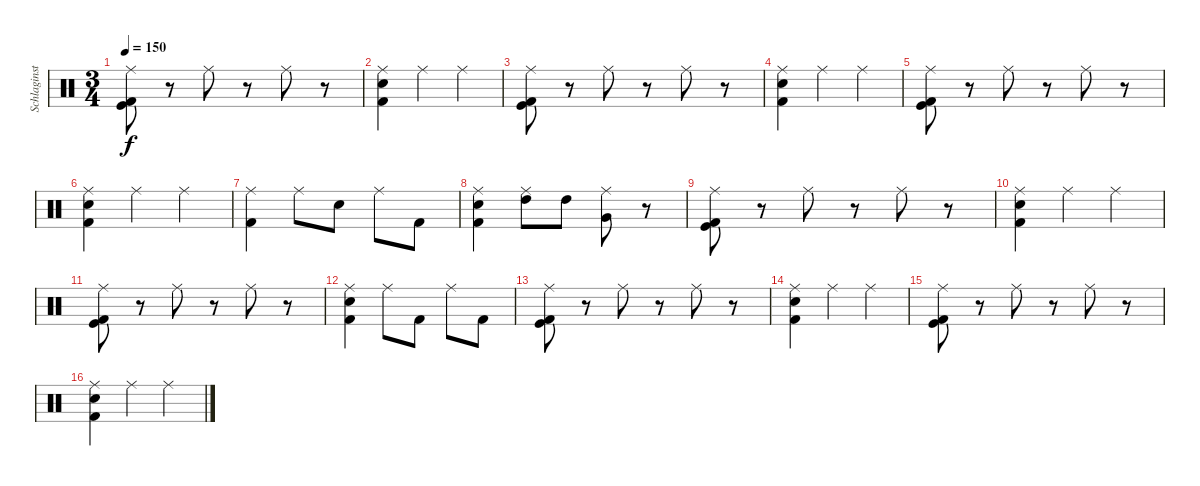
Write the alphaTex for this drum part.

\track ("Schlaginstrumente - Auswahl" "Schlaginst") {instrument percussion}
\staff {score}
\articulation defaults
\ts (3 4)
\tempo 150
\clef neutral
\ks c
("Ride (middle)" "Kick (hit)" "Kick (hit) 2").8{dy f} r.8 "Ride (middle)".8 r.8 "Ride (middle)".8 r.8 |
("Ride (middle)" "Electric Snare (hit)" "Kick (hit) 2").4 "Ride (middle)".4 "Ride (middle)".4 |
("Ride (middle)" "Kick (hit)" "Kick (hit) 2").8 r.8 "Ride (middle)".8 r.8 "Ride (middle)".8 r.8 |
("Ride (middle)" "Electric Snare (hit)" "Kick (hit) 2").4 "Ride (middle)".4 "Ride (middle)".4 |
("Ride (middle)" "Kick (hit)" "Kick (hit) 2").8 r.8 "Ride (middle)".8 r.8 "Ride (middle)".8 r.8 |
("Ride (middle)" "Electric Snare (hit)" "Kick (hit) 2").4 "Ride (middle)".4 "Ride (middle)".4 |
("Ride (middle)" "Kick (hit) 2").4 "Ride (middle)".8 "Electric Snare (hit)".8 "Ride (middle)".8 "Kick (hit) 2".8 |
("Ride (middle)" "Electric Snare (hit)" "Kick (hit) 2").4 ("Ride (middle)" "High Tom (hit)").8 "High Tom (hit)".8 ("Ride (middle)" "Very Low Tom (hit)").8 r.8 |
("Ride (middle)" "Kick (hit)" "Kick (hit) 2").8 r.8 "Ride (middle)".8 r.8 "Ride (middle)".8 r.8 |
("Ride (middle)" "Electric Snare (hit)" "Kick (hit) 2").4 "Ride (middle)".4 "Ride (middle)".4 |
("Ride (middle)" "Kick (hit)" "Kick (hit) 2").8 r.8 "Ride (middle)".8 r.8 "Ride (middle)".8 r.8 |
("Ride (middle)" "Electric Snare (hit)" "Kick (hit) 2").4 "Ride (middle)".8 "Kick (hit) 2".8 "Ride (middle)".8 "Kick (hit) 2".8 |
("Ride (middle)" "Kick (hit)" "Kick (hit) 2").8 r.8 "Ride (middle)".8 r.8 "Ride (middle)".8 r.8 |
("Ride (middle)" "Electric Snare (hit)" "Kick (hit) 2").4 "Ride (middle)".4 "Ride (middle)".4 |
("Ride (middle)" "Kick (hit)" "Kick (hit) 2").8 r.8 "Ride (middle)".8 r.8 "Ride (middle)".8 r.8 |
("Ride (middle)" "Electric Snare (hit)" "Kick (hit) 2").4 "Ride (middle)".4 "Ride (middle)".4

Work request →
Could the listing above be printed again in full, with every picture omitted?

Answer box →
Write the alphaTex for this drum part.

\track ("Schlaginstrumente - Auswahl" "Schlaginst") {instrument percussion}
\staff {score}
\articulation defaults
\ts (3 4)
\tempo 150
\clef neutral
\ks c
("Ride (middle)" "Kick (hit)" "Kick (hit) 2").8{dy f} r.8 "Ride (middle)".8 r.8 "Ride (middle)".8 r.8 |
("Ride (middle)" "Electric Snare (hit)" "Kick (hit) 2").4 "Ride (middle)".4 "Ride (middle)".4 |
("Ride (middle)" "Kick (hit)" "Kick (hit) 2").8 r.8 "Ride (middle)".8 r.8 "Ride (middle)".8 r.8 |
("Ride (middle)" "Electric Snare (hit)" "Kick (hit) 2").4 "Ride (middle)".4 "Ride (middle)".4 |
("Ride (middle)" "Kick (hit)" "Kick (hit) 2").8 r.8 "Ride (middle)".8 r.8 "Ride (middle)".8 r.8 |
("Ride (middle)" "Electric Snare (hit)" "Kick (hit) 2").4 "Ride (middle)".4 "Ride (middle)".4 |
("Ride (middle)" "Kick (hit) 2").4 "Ride (middle)".8 "Electric Snare (hit)".8 "Ride (middle)".8 "Kick (hit) 2".8 |
("Ride (middle)" "Electric Snare (hit)" "Kick (hit) 2").4 ("Ride (middle)" "High Tom (hit)").8 "High Tom (hit)".8 ("Ride (middle)" "Very Low Tom (hit)").8 r.8 |
("Ride (middle)" "Kick (hit)" "Kick (hit) 2").8 r.8 "Ride (middle)".8 r.8 "Ride (middle)".8 r.8 |
("Ride (middle)" "Electric Snare (hit)" "Kick (hit) 2").4 "Ride (middle)".4 "Ride (middle)".4 |
("Ride (middle)" "Kick (hit)" "Kick (hit) 2").8 r.8 "Ride (middle)".8 r.8 "Ride (middle)".8 r.8 |
("Ride (middle)" "Electric Snare (hit)" "Kick (hit) 2").4 "Ride (middle)".8 "Kick (hit) 2".8 "Ride (middle)".8 "Kick (hit) 2".8 |
("Ride (middle)" "Kick (hit)" "Kick (hit) 2").8 r.8 "Ride (middle)".8 r.8 "Ride (middle)".8 r.8 |
("Ride (middle)" "Electric Snare (hit)" "Kick (hit) 2").4 "Ride (middle)".4 "Ride (middle)".4 |
("Ride (middle)" "Kick (hit)" "Kick (hit) 2").8 r.8 "Ride (middle)".8 r.8 "Ride (middle)".8 r.8 |
("Ride (middle)" "Electric Snare (hit)" "Kick (hit) 2").4 "Ride (middle)".4 "Ride (middle)".4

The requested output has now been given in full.